WHO MAY BE A RELATOR

Essentially anyone can be a relator, provided that they have the information necessary to file suit against a federal contractor.

However, it is unusual for a relator to have first hand knowledge of all the information needed to prove wrongdoing.

Typically a relator is an employee of a federal contractor in the billing department.

The employee knows that claims are made for services rendered without any explanation of unusual circumstances, and has heard from other sources that service being billed was never provided, but has no first hand knowledge of the production problems.

Alternatively a relator may be an employee of a federal contractor, who works in the production department, knows that the services are not being provided as promised and has heard from other sources that the services are being billed as though nothing was wrong; but once again the relator has no first hand knowledge of the billing.

Occasionally a relator is a person with no inside information at all. For example, he relator is a bystander who has observed a coal barge that appears to be violating EPA standards by pumping a plume of red acid mine drainage into the river as it moves downstream.

The relator has no first hand knowledge that the coal is being delivered under a federal contract or the that the dumping is sufficient to constitute an EPA violation. The relator has reported the matter to the Coast Guard, however, and a newspaper account of the incident has filled in the details.

Under these circumstances the whistleblower may file suit provided that he can prove himself to be an “original source” of the information.

A relator need not have all the answers. The relator’s law suit is filed under seal, based on knowledge, information, and belief. The contractor does not know that suit has been filed.

The relator, thorough his or her own lawyer, makes a complete disclosure to the United States Attorney when suit is filed and waits for the results of the government’s 60 day investigation.
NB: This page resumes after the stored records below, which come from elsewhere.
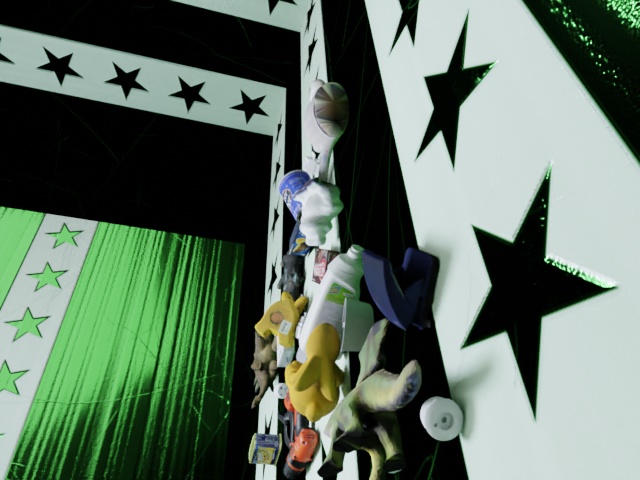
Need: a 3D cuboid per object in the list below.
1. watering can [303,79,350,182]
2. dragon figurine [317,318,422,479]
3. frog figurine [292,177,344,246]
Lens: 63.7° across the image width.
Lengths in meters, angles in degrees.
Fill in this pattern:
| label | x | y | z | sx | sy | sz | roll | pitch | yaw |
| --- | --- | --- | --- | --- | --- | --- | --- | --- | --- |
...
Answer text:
| label | x | y | z | sx | sy | sz | roll | pitch | yaw |
| --- | --- | --- | --- | --- | --- | --- | --- | --- | --- |
| watering can | 0.016 | -0.301 | 1.468 | 0.223 | 0.104 | 0.349 | 153 | 112 | -74 |
| dragon figurine | 0.077 | 0.227 | 0.801 | 0.249 | 0.122 | 0.401 | -84 | 12 | -51 |
| frog figurine | 0.004 | -0.067 | 1.327 | 0.136 | 0.123 | 0.161 | -26 | 74 | 31 |
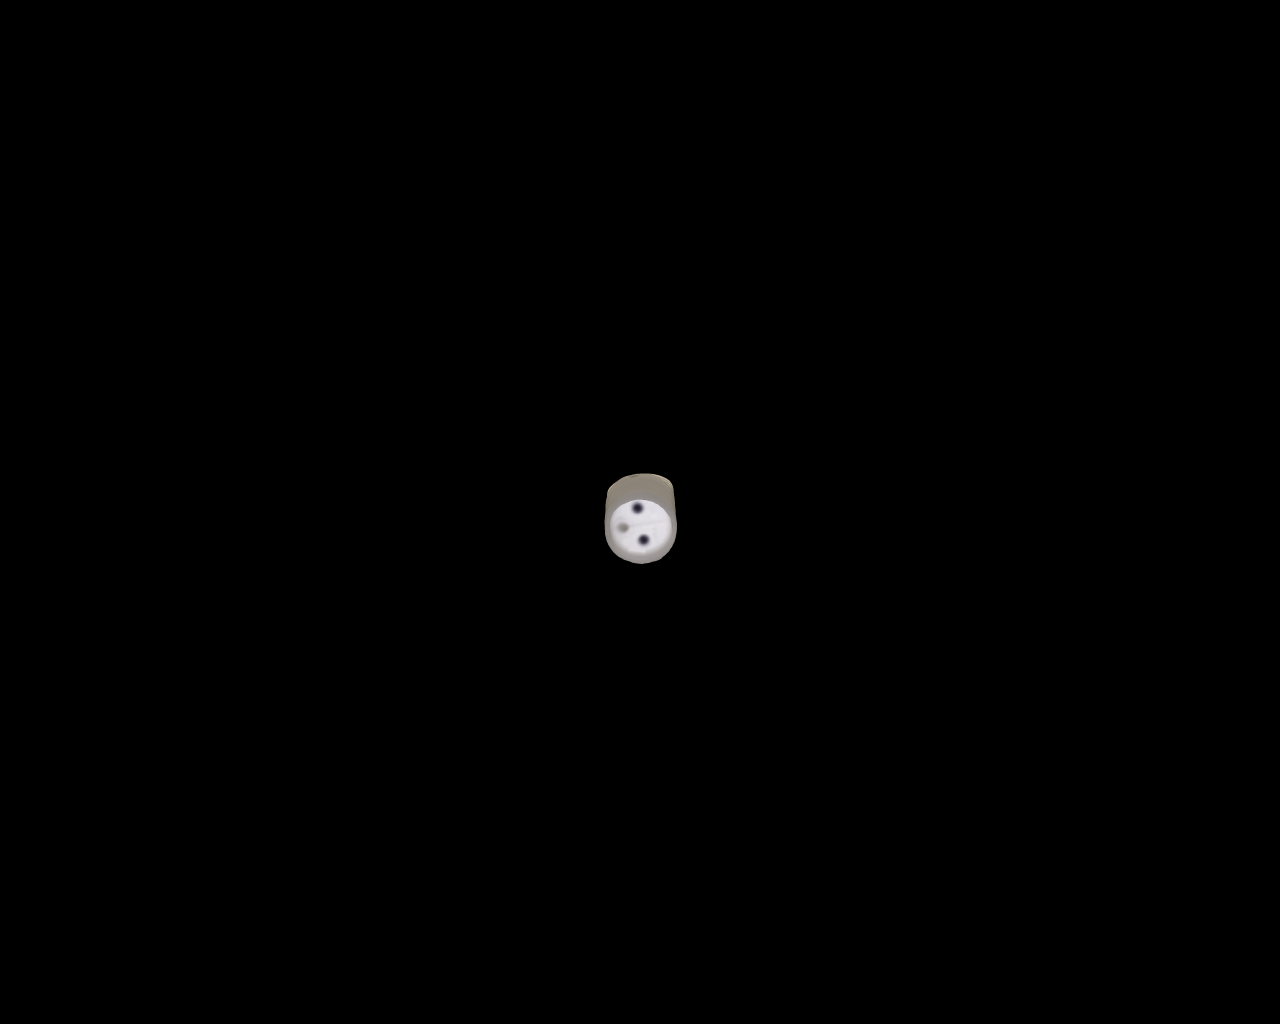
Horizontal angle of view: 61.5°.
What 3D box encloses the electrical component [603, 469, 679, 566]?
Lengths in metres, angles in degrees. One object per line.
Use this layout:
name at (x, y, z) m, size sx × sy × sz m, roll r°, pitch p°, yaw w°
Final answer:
electrical component at (0.001, -0.003, 0.650) m, size 0.043 × 0.043 × 0.081 m, roll 0°, pitch 20°, yaw 0°
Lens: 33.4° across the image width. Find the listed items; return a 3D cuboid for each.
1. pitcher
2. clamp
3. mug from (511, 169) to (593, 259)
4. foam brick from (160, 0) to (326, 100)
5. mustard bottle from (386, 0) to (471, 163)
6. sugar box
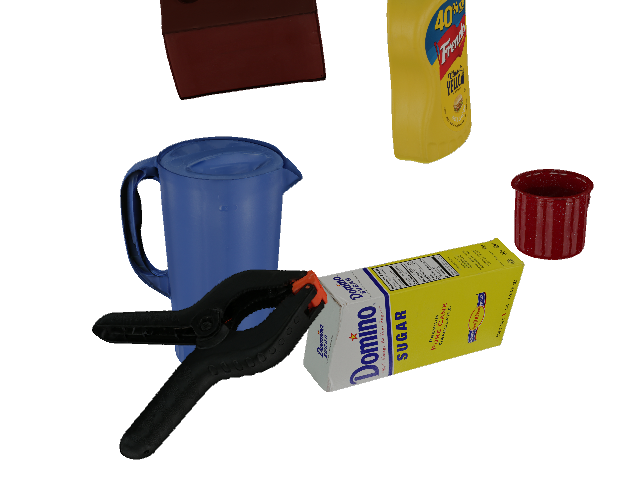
[{"bbox_3d":[-0.115,0.018,1.141,0.149,0.243,0.144,22,31,39],"label":"pitcher"},{"bbox_3d":[-0.075,0.076,0.726,0.171,0.120,0.039,-21,-35,10],"label":"clamp"},{"bbox_3d":[0.276,-0.033,1.249,0.117,0.081,0.093,-24,32,-39],"label":"mug"},{"bbox_3d":[-0.039,-0.111,0.541,0.078,0.053,0.051,-8,-31,3],"label":"foam brick"},{"bbox_3d":[0.091,-0.169,0.902,0.058,0.191,0.096,13,34,31],"label":"mustard bottle"},{"bbox_3d":[0.076,0.060,0.868,0.175,0.093,0.048,-14,40,-28],"label":"sugar box"}]

If the United States Attorney finds that there is no claim to be made, the United States Attorney can ask the court to dismiss the case filed by the relator before the papers are served on the federal contractor.
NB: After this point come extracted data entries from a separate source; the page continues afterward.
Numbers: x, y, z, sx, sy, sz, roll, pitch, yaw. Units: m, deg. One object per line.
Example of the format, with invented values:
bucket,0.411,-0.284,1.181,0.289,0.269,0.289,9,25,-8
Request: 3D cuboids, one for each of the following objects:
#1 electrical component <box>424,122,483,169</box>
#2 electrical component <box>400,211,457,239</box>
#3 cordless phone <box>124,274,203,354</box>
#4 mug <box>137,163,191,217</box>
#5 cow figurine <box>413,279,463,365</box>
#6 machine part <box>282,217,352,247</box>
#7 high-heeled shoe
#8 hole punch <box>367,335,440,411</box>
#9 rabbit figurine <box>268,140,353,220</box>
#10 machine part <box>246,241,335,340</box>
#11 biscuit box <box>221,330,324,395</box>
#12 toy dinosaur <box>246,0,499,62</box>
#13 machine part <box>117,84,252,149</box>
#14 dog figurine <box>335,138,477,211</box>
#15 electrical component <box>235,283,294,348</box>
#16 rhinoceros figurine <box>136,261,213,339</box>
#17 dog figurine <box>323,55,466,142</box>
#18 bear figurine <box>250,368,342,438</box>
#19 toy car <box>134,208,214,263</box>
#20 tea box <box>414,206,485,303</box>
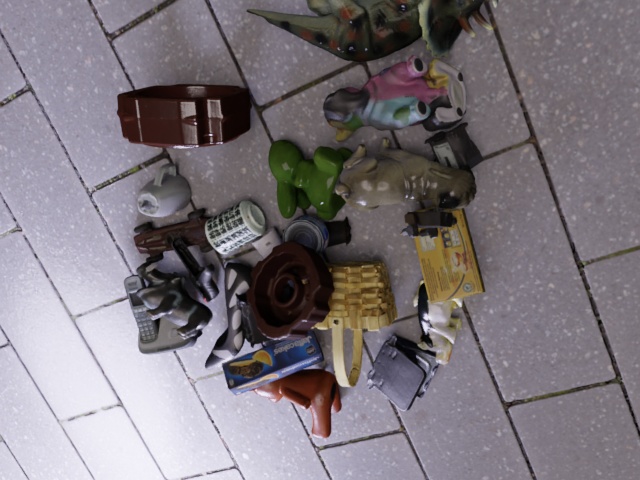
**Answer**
electrical component,0.240,-0.136,0.935,0.075,0.048,0.119,-16,105,60
electrical component,0.180,-0.025,0.906,0.078,0.102,0.045,3,91,30
cordless phone,-0.351,0.154,1.190,0.147,0.089,0.184,-14,100,19
mug,-0.315,-0.095,1.079,0.081,0.107,0.109,21,114,5
cow figurine,0.225,0.160,1.048,0.098,0.068,0.167,11,108,16
machine part,-0.002,-0.003,1.069,0.139,0.039,0.084,-15,96,21
high-heeled shoe,-0.209,0.166,1.151,0.145,0.086,0.248,42,103,-9
hole punch,0.174,0.265,1.098,0.116,0.092,0.142,36,120,32
rabbit figurine,-0.024,-0.121,1.010,0.170,0.121,0.159,30,121,23
machine part,-0.055,0.094,0.986,0.179,0.056,0.179,-11,72,36
biscuit box,-0.095,0.250,1.103,0.203,0.062,0.059,-21,61,-4
toy dinosaur,0.090,-0.363,0.883,0.405,0.131,0.192,-12,105,24
machine part,-0.238,-0.225,0.963,0.201,0.201,0.087,5,112,12
dog figurine,0.143,-0.088,0.897,0.191,0.172,0.121,25,143,40
electrical component,-0.097,0.144,1.101,0.134,0.058,0.114,-19,113,-19
rhinoceros figurine,-0.314,0.123,1.130,0.190,0.073,0.112,39,71,4
dog figurine,0.115,-0.230,0.923,0.219,0.191,0.108,-5,89,48
bear figurine,-0.062,0.329,1.154,0.196,0.120,0.131,0,112,16
toy car,-0.311,-0.005,1.140,0.202,0.053,0.089,-11,109,17
tea box,0.229,0.023,0.969,0.098,0.068,0.169,-13,82,19

Sometimes there is more than one whistleblower. In that event, the first to file a law suit proceeds and the second to file lawsuit does not; however, both lawsuits may proceed if the second to file adds new information.

Additionally, if the government has already filed its own action, then both whistleblower law suits are dismissed.

Some people do not qualify to be relators. No one in the military can file false claims litigation against another member of the military arising out of the relator’s service in the armed forces. However, military personal can file false claims litigation against federal contractors because a contractor is not a “member of the military.”

WHAT IS A FALSE CLAIM?

Generally, you know a false claim when you see it. If the contract was procured by deception, the product or service delivered was not what was promised, or the federal contractor cut corners and failed to comply with federal regulations, then a claim for payment is a false claim.

To prove a false claim, it is generally necessary to get a copy of the contract documents. There will be a signed contract, a collection of contract specifications, and host of federal regulations.

The key documents depend on the nature of the false claim. If the government contract was procured by deception, then the bid documents are essential.

If the product or service did not conform to standards, then the contract specifications are essential. If the contractor failed to comply with the regulations then the federal regulations are essential. For example, if a contract is procured by deception, it does not matter whether the contract was performed according to the specifications.

On the other hand, if a contract was not performed as promised, it does not matter whether the contract was procured by legitimate means.

The search for contract documents usually starts by identifying the several federal agencies involved. There will be an agency that placed the work up for bid, an agency that supervises the work of the wrongdoer, and an agency that administers the federal regulations.

Much of this information is now available on the internet.